ROSS REALTY COMPANY v. FIRST CITIZENS BANK & TRUST COMPANY, as Trustee of the Profit-Sharing Retirement Plan and Trust of Thermo Industries, Inc. and Affiliated Companies.

No. 7726SC679.

Court of Appeals of North Carolina.

June 20, 1978.

*405 Miller, Johnston, Taylor & Allison, by John B. Taylor and James W. Allison, Charlotte, for plaintiff appellee.

Ragsdale & Kirschbaum, by William L. Ragsdale, Raleigh, for defendant appellant.

HEDRICK, Judge.

The sole question presented on this appeal is whether G.S. 45-21.38 bars an action on a purchase money note for the full purchase price of real property. The pertinent statute, G.S. 45-21.38, provides:

Deficiency judgments abolished where mortgage represents part of purchase price. In all sales of real property by mortgagees and/or trustees under powers of sale contained in any mortgage or deed of trust executed after February 6, 1933, or where judgment or decree is given for the foreclosure of any mortgage executed after February 6, 1933, to secure to the seller the payment of the balance of the purchase price of real property, the mortgagee or trustee or holder of the notes secured by such mortgage or deed of trust shall not be entitled to a deficiency judgment on account of such mortgage, *406 deed of trust or obligation secured by the same: Provided, said evidence of indebtedness shows upon the face that it is for balance of purchase money for real estate:...

The defendant apparently recognizes that the proscription in the foregoing statute is by its terms applicable only to deficiency judgments attendant to the foreclosure of purchase-money mortgages or deeds of trust on real property. It argues, however, that in suing on the note for the full purchase price of the property, the plaintiff is accomplishing indirectly that which is forbidden by the statute and is thereby violating the spirit of the statute.

In Gambill v. Bare, 32 N.C.App. 597, 232 S.E.2d 870 (1977), the very question raised by the defendant in this case was presented to this Court by a defendant under similar circumstances. However, determination of the question was deemed unnecessary when the Court found that neither the note nor the deed of trust executed by the parties indicated on its face that it represented the balance of the purchase price of the real property conveyed.
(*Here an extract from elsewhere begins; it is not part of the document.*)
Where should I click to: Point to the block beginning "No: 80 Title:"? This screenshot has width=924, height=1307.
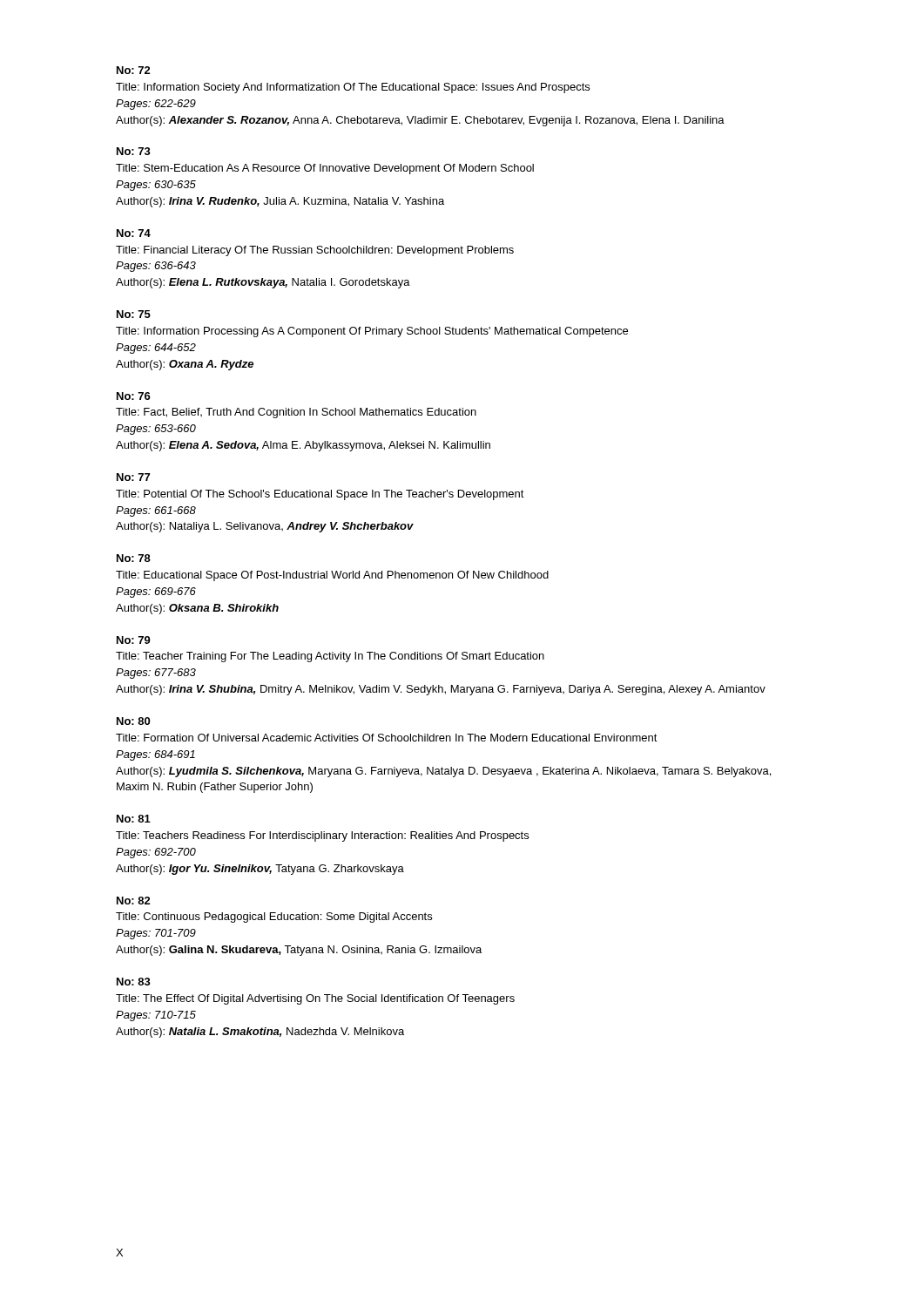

Thus, in the 45 years since the enactment of G.S. 45-21.38 the question of whether the statute bars suit on the purchase money note for the full purchase price of the property has not been resolved by the courts of this state.
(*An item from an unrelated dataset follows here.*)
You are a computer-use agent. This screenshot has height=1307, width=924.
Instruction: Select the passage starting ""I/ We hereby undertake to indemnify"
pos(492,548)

We think the resolution of the question is dictated by the literal terms of the statute. It is a common rule of statutory construction that "`[w]here the language of a statute is clear and unambiguous, there is no room for judicial construction and the courts must give it its plain and definite meaning, and are without power to interpolate, or superimpose, provisions and limitations not contained therein.'" State v. Camp, 286 N.C. 148, 152, 209 S.E.2d 754, 756 (1974). The statute clearly limits its application to bar a deficiency judgment which is sought subsequent to the foreclosure of a purchase money mortgage or deed of trust on real property. Thus, even were we inclined to accept defendant's argument that the plaintiff's action on the note violates the spirit of G.S. 45-21.38, we would be powerless to expand the obvious scope of the statute.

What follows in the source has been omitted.